I treat **life_sat** as a number to predict (*regression*).

* **Baseline model** – uses only **resilient** and **energy**.  
* **Final model** – adds the other four "mood" questions **plus** an interaction term and an average mood score.

**Why Ridge Regression?**  
Think of Ridge as ordinary linear regression with a "seat‑belt" that keeps the coefficients from swinging wildly when the inputs are correlated (and they are!). One knob, called **alpha (α)**, tightens or loosens the belt; I pick the best α with cross‑validation (try a few values, keep the one that predicts best on unseen data).

**Metric** – *Root Mean Squared Error (RMSE)*. In the same 1‑to‑5 units, how far off my predictions are on average. I report RMSE rather than MSE because RMSE has the same 1-to-5 units as the survey scores, so "RMSE = 0.63" literally means "on average my prediction is off by about half a scale point." MSE squares the error, giving numbers in "points²," which are less intuitive to interpret; RMSE keeps the same sensitivity to large errors but remains human-readable. 
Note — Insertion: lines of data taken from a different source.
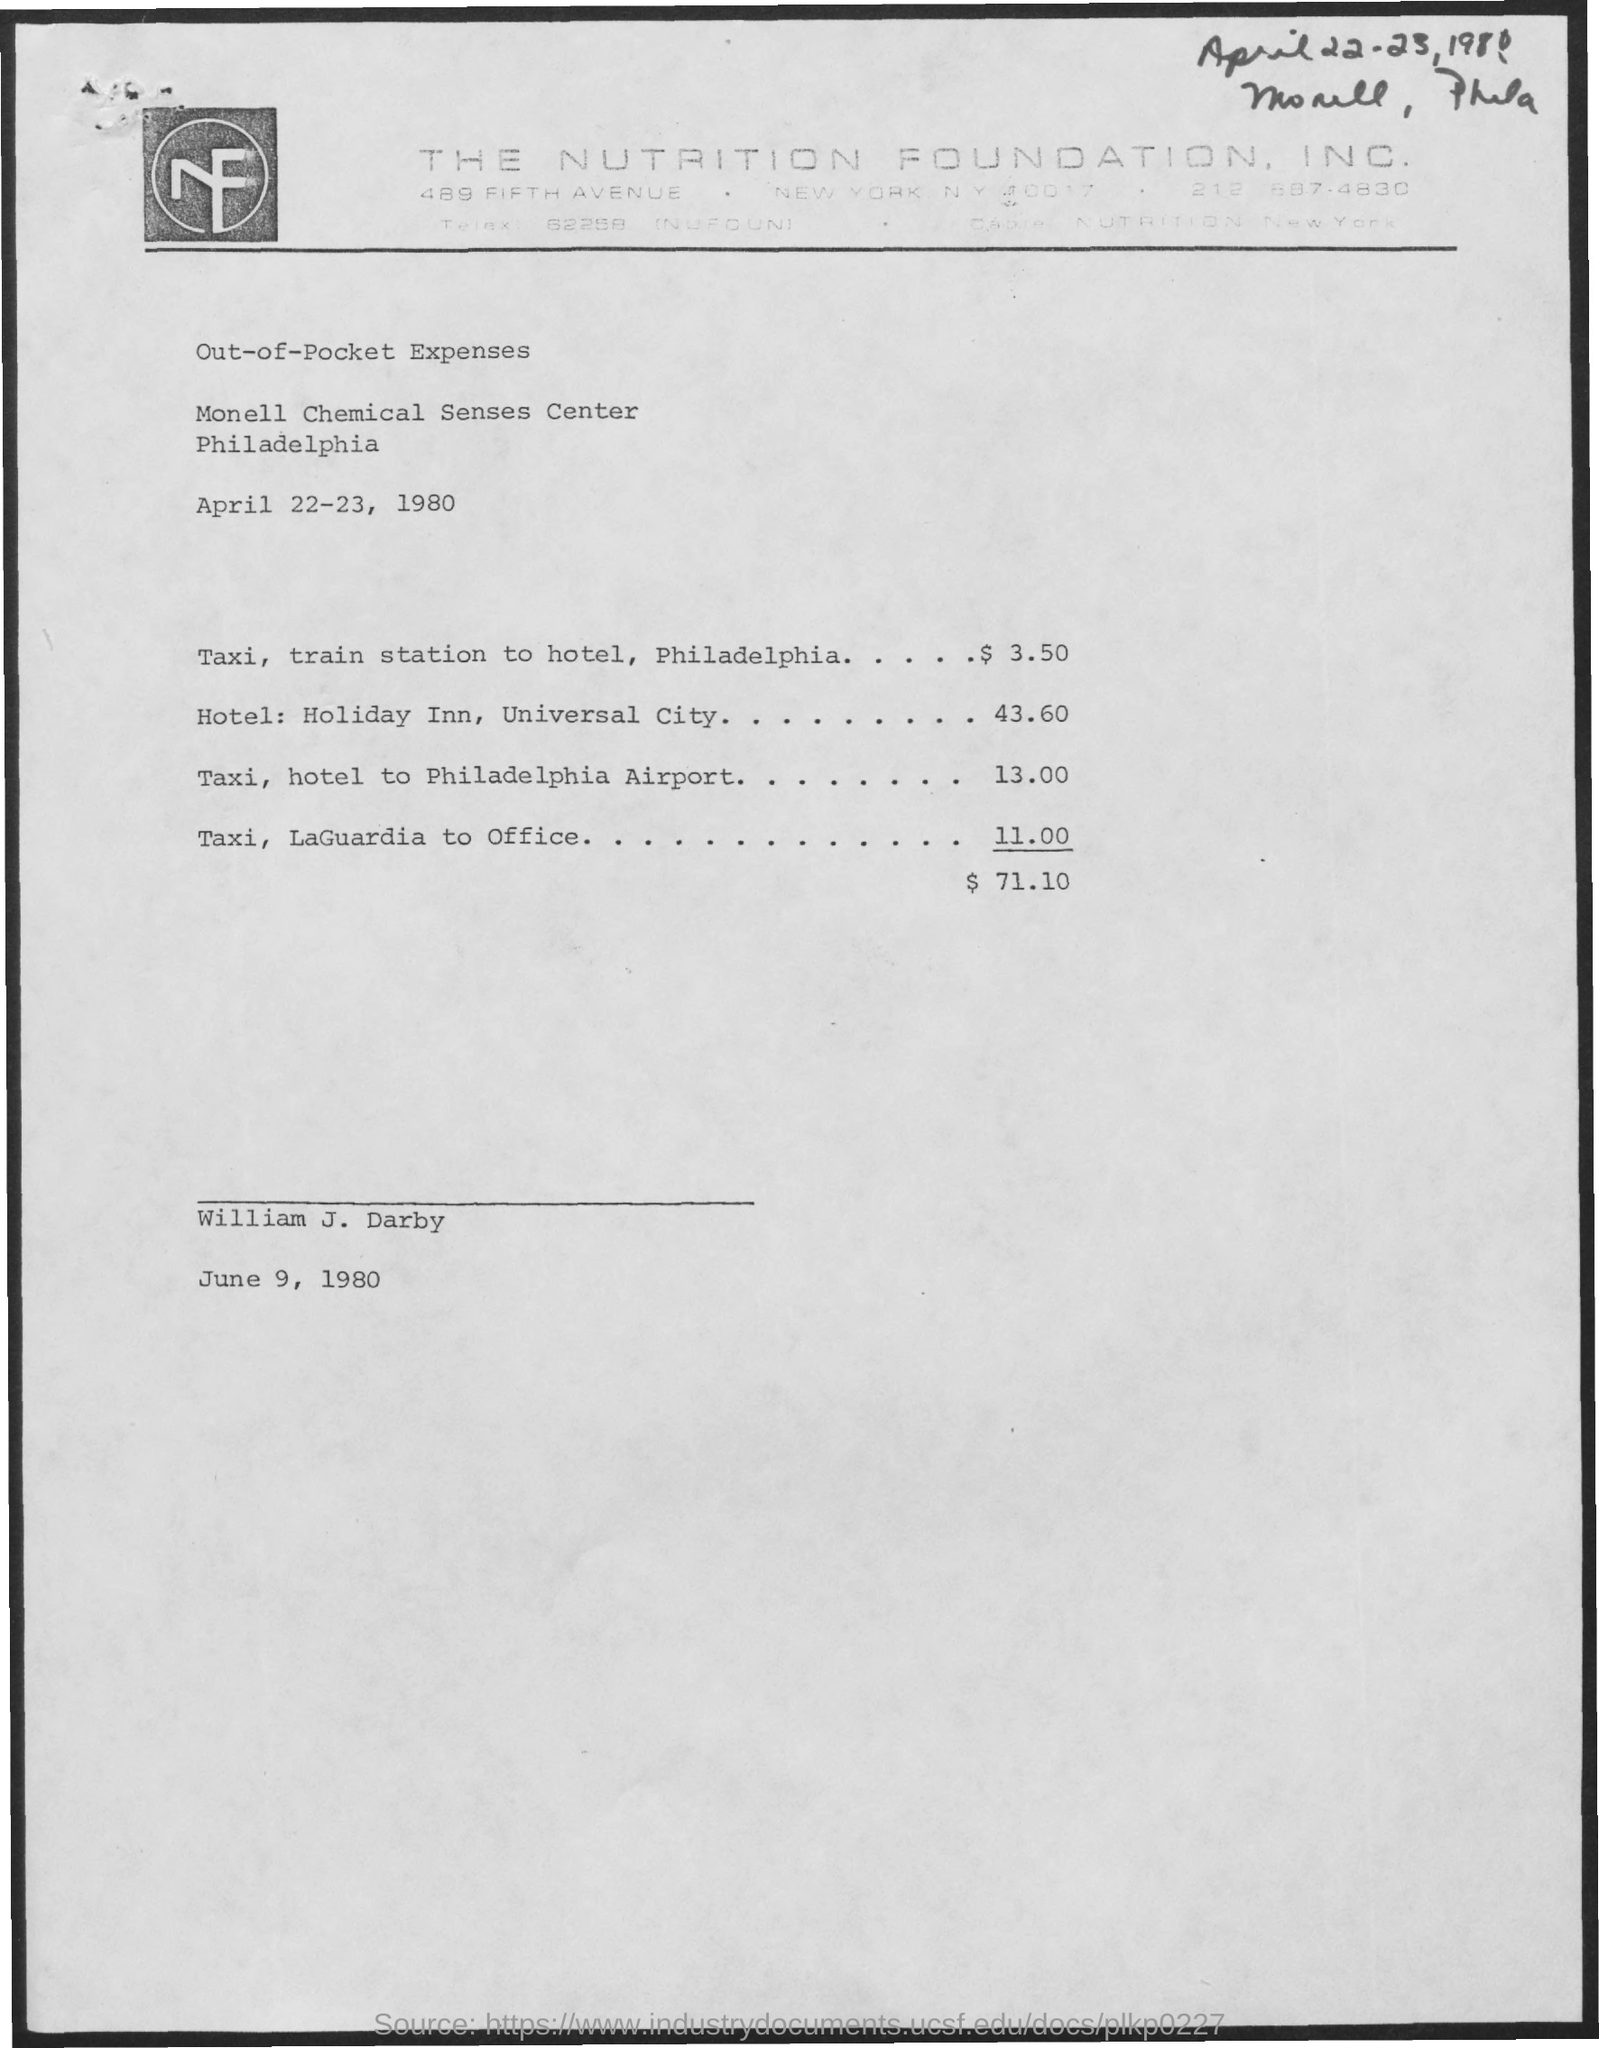For what period do these out-of- pocket expenses belong to?
Your response must be concise. April 22-23, 1980. Where is monell chemical senses center located at?
Ensure brevity in your answer.  Philadelphia. What is the amount for taxi, train station to hotel, philadelphia?
Provide a short and direct response. $ 3.50. What is the amount for hotel: holiday inn, universal city?
Offer a very short reply. $43.60. What is the amount for taxi, hotel to philadelphia airport?
Keep it short and to the point. $ 13.00. What is the amount for taxi, laguardia to office?
Provide a short and direct response. $11.00. What is the total amount of out of  pocket expenses?
Your answer should be very brief. $ 71.10. 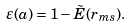Convert formula to latex. <formula><loc_0><loc_0><loc_500><loc_500>\varepsilon ( a ) = 1 - \tilde { E } ( r _ { m s } ) .</formula>

### 5 — How well do the models do?

| Model | RMSE (lower = better) | R² (higher = better) |
|---|---|---|
| Baseline | **0.82** | 0.18 |
| Final Ridge | **0.63** | 0.52 |

**Meaning**

* The final model's guesses are off by **0.63 points** on average—about half a step on the 1‑to‑5 scale.  
* It explains **52%** of the differences we see between students, almost three times better than the baseline.



#### Quick residual check

Plotting prediction errors (not shown here) shows no strong pattern: the line of best fit stays flat and the dots spread out evenly. That means a straight‑line model is good enough for now.



### 6 — Results?

1. **Resilient students really do feel better.** Boosting resilience by 1 point is linked to a ~0.16‑point rise in life satisfaction.  
2. **Daily mood matters too.** Adding simple "I feel happy/energetic/hopeful" questions nearly halves prediction error.  

*Next steps:* Collect new data over the semester to see how these relationships change over time.